In any event, the functional equivalent of privity doctrine requires reasonable reliance. See Travelers Casualty and Surety Co. v. Dormitory Authority - State of New York, 734 F.Supp.2d 368, 387 (S.D.N.Y. 2010) (“assuming arguendo that a material question of fact exists concerning whether TDX [the construction manager] and Trataros [the contractor] were in a near-privity relationship during the active construction phase of the Project, Travelers has not identified any misstatements made by TDX to Trataros . . . upon which Trataros reasonably relied to its detriment”). As previously discussed, the provisions of the construction contract preclude any claim of reasonable reliance upon RP Oak Hill's extra-contractual statements or actions. Therefore, Count VII of the Complaint should likewise be dismissed.
CONCLUSION
For these reasons, I recommend that RP Oak Hill's motion to dismiss [31] be granted, and that Counts IV-VII of the Complaint be dismissed, with prejudice.Unless otherwise ordered by Judge Sinatra, any objections to this Report and Recommendation must be filed with the clerk of this court by May 23, 2023. Any requests for extension of this deadline must be made to Judge Sinatra. A party who “fails to object timely . . . waives any right to further judicial review of [this] decision.” Wesolek v. Canadair Ltd., 838 F.2d 55, 58 (2d Cir. 1988); Thomas v. Arn, 474 U.S. 140, 155 (1985). Moreover, the district judge will ordinarily refuse to consider de novo arguments, case law, or evidentiary material which could have been, but were not, presented to the magistrate judge in the first instance. Patterson-Leitch Co. v. Massachusetts Municipal Wholesale Electric Co., 840 F.2d 985, 990-91 (1st Cir. 1988).
Although Stark Truss requests leave to amend if the motion is granted (Stark Truss's Memorandum of Law [47] at 25), leave need not be granted where amendment would be futile.
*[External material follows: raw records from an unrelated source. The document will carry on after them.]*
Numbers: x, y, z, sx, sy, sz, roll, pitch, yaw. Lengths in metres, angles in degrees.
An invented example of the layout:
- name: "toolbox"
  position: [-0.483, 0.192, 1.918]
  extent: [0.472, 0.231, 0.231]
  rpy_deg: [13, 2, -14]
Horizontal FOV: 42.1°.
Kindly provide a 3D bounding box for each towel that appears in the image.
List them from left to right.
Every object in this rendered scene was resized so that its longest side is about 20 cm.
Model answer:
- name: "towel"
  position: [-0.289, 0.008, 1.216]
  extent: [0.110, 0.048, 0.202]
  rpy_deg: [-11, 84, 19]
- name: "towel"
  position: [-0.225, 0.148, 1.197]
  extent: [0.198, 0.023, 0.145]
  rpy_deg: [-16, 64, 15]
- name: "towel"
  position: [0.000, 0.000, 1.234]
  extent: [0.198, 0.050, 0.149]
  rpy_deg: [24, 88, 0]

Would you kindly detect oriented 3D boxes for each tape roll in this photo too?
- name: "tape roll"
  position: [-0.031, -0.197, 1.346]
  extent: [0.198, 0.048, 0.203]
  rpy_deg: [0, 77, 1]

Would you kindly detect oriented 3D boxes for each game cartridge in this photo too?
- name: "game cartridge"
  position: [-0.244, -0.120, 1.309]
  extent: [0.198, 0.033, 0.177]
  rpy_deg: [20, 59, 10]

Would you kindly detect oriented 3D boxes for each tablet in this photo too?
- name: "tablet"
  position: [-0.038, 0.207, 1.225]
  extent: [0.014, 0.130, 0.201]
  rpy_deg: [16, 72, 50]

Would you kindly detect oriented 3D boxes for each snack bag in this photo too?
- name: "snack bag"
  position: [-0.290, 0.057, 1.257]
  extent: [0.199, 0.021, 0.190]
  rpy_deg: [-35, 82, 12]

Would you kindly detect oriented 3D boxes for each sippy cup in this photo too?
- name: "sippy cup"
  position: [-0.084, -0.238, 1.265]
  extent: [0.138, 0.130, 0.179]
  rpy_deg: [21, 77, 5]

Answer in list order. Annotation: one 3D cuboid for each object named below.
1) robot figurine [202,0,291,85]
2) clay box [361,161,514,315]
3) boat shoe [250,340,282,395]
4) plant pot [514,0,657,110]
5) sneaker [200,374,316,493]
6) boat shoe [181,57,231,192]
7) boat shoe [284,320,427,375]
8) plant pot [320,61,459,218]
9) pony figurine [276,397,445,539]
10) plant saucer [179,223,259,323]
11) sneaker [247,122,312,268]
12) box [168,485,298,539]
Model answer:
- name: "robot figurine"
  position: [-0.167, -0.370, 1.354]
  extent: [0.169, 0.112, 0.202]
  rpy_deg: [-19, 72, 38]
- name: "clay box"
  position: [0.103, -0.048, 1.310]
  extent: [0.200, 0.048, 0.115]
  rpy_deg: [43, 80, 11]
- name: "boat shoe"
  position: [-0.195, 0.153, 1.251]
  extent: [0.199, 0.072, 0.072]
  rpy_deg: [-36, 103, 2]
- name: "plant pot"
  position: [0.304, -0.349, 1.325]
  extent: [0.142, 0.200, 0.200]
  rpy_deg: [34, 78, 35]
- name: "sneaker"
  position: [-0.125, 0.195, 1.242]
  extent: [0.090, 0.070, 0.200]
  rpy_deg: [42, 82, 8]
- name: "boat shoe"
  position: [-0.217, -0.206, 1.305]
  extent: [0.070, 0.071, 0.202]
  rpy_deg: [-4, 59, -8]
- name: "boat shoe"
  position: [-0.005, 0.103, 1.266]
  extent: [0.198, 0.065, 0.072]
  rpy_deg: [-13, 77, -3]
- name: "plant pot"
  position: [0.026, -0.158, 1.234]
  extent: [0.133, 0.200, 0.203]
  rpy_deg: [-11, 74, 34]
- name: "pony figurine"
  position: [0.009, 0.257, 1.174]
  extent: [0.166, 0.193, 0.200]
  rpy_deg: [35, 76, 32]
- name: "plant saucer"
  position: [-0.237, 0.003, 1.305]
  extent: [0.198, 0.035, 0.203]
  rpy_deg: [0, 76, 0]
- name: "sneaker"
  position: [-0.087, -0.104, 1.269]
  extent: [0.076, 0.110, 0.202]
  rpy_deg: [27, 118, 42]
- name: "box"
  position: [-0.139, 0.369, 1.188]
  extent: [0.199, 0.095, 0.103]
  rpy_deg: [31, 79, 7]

See RP Oak Hill's Reply Memorandum [50] at 14.
The parties are reminded that, pursuant to Rule 72(b) and (c) of this Court's Local Rules of Civil Procedure, written objections shall “specifically identify the portions of the proposed findings and recommendations to which objection is made and the basis for each objection ... supported by legal authority”, and must include “a written statement either certifying that the objections do not raise new legal [or] factual arguments, or identifying the new arguments and explaining why they were not raised to the Magistrate Judge.” Failure to comply with these provisions may result in the district judge's refusal to consider the objections.